* **Task statement**: Down to the final line, print the records below exactly and without pictures.

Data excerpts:
• • • • • • •

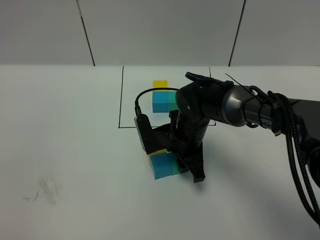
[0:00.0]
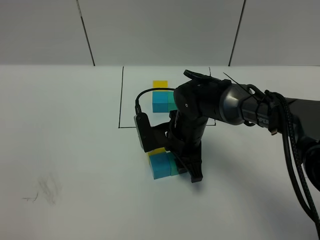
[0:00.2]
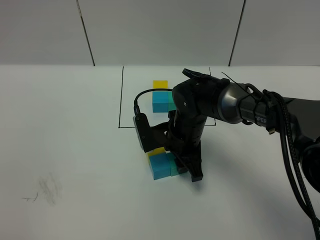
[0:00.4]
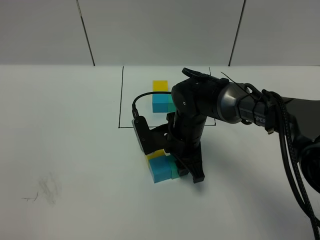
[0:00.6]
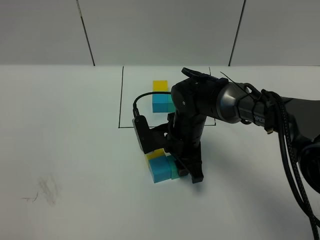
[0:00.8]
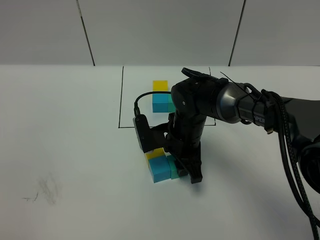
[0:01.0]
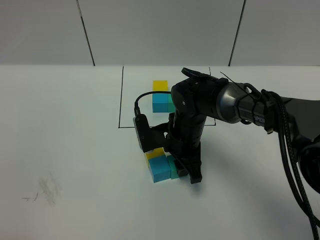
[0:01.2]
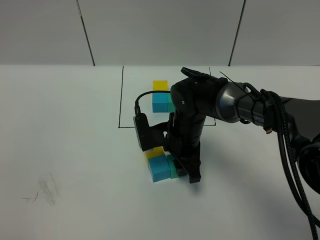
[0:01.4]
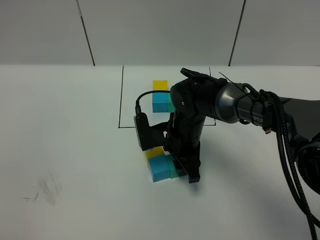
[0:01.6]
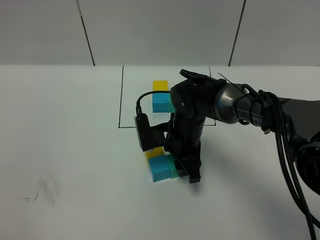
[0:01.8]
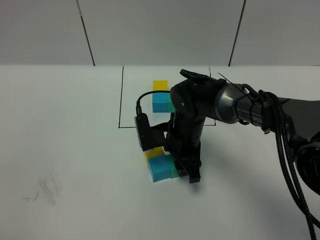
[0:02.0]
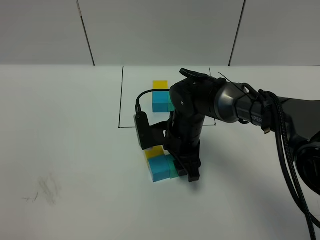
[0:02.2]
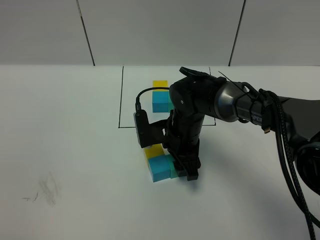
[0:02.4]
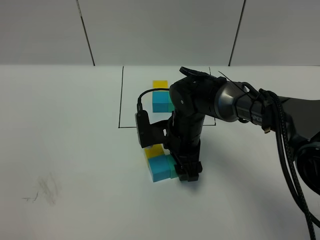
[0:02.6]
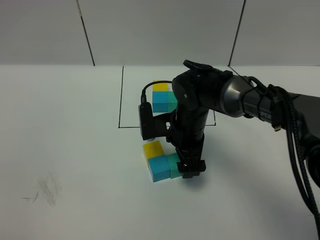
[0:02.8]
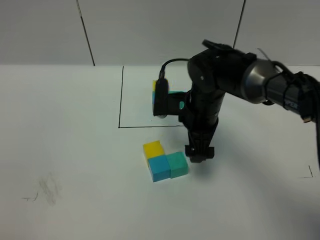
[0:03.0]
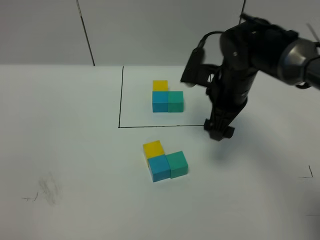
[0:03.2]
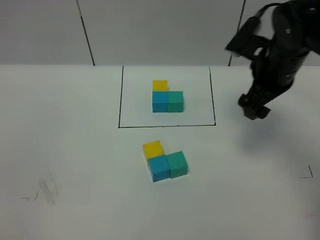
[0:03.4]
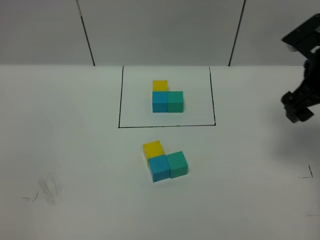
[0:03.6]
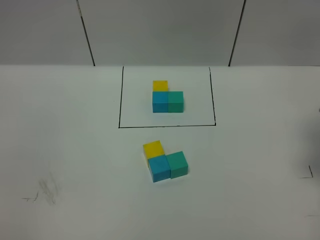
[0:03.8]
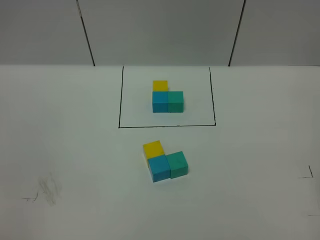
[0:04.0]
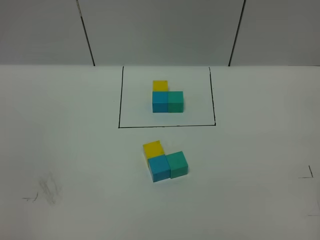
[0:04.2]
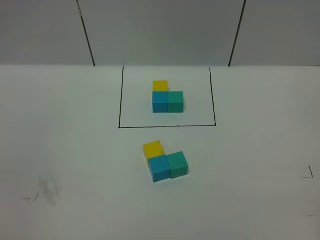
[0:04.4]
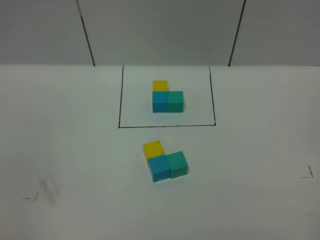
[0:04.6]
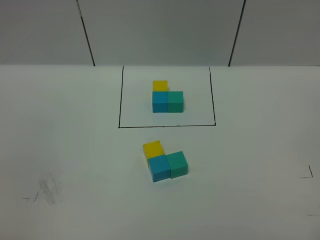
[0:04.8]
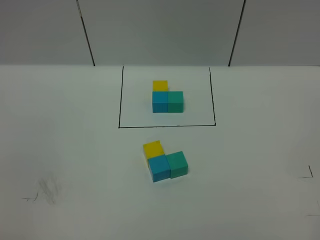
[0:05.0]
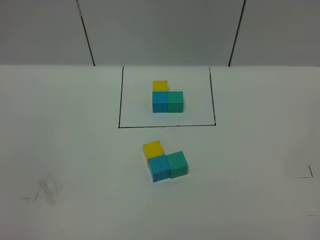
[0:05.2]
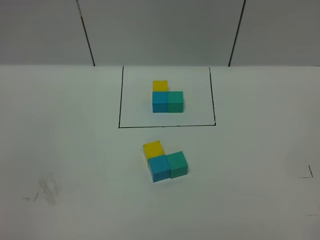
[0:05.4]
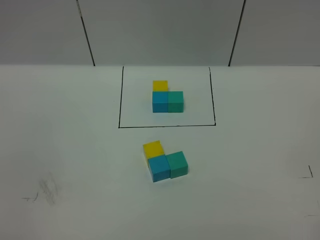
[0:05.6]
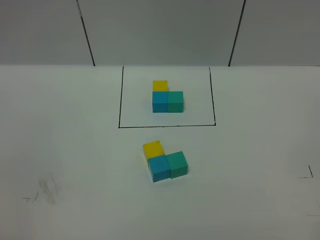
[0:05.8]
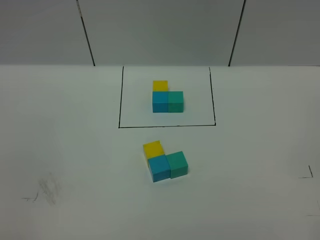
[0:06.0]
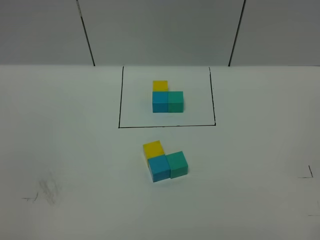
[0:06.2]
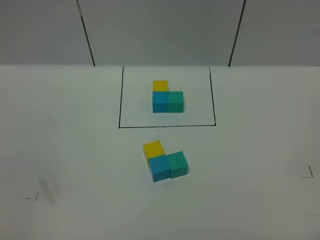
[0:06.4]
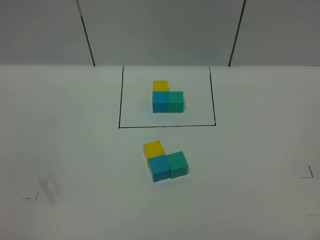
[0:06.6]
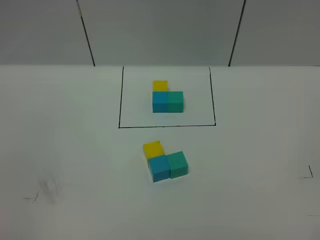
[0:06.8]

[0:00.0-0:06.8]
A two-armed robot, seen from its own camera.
Task of the whole recording: According to the building block template in front, assemble the scattered blocks together.
Step, 0:00.0 to 0:02.8: Put the green cube on the right of the blue cube.
0:00.0 to 0:01.4: The grippers make only small movements.
0:01.4 to 0:02.8: The right gripper opens.
0:02.8 to 0:04.0: The right gripper goes some 35 cm to the right, upward and backward.

• • • • • • •

* **Result**:
[0:00.0]
[0:00.2]
[0:00.4]
[0:00.6]
[0:00.8]
[0:01.0]
[0:01.2]
[0:01.4]
[0:01.6]
[0:01.8]
[0:02.0]
[0:02.2]
[0:02.4]
[0:02.6]
[0:02.8]
[0:03.0]
[0:03.2]
[0:03.4]
[0:03.6]
[0:03.8]
[0:04.0]
[0:04.2]
[0:04.4]
[0:04.6]
[0:04.8]
[0:05.0]
[0:05.2]
[0:05.4]
[0:05.6]
[0:05.8]
[0:06.0]
[0:06.2]
[0:06.4]
[0:06.6]
[0:06.8]

[0:00.0-0:06.8]
A two-armed robot, seen from its own camera.
Task of the whole recording: According to the building block template in front, assemble the scattered blocks together.
Step, 0:00.0 to 0:02.8: Put the green cube on the right of the blue cube.
0:00.0 to 0:01.4: The grippers make only small movements.
0:01.4 to 0:02.8: The right gripper opens.
0:02.8 to 0:04.0: The right gripper goes some 35 cm to the right, upward and backward.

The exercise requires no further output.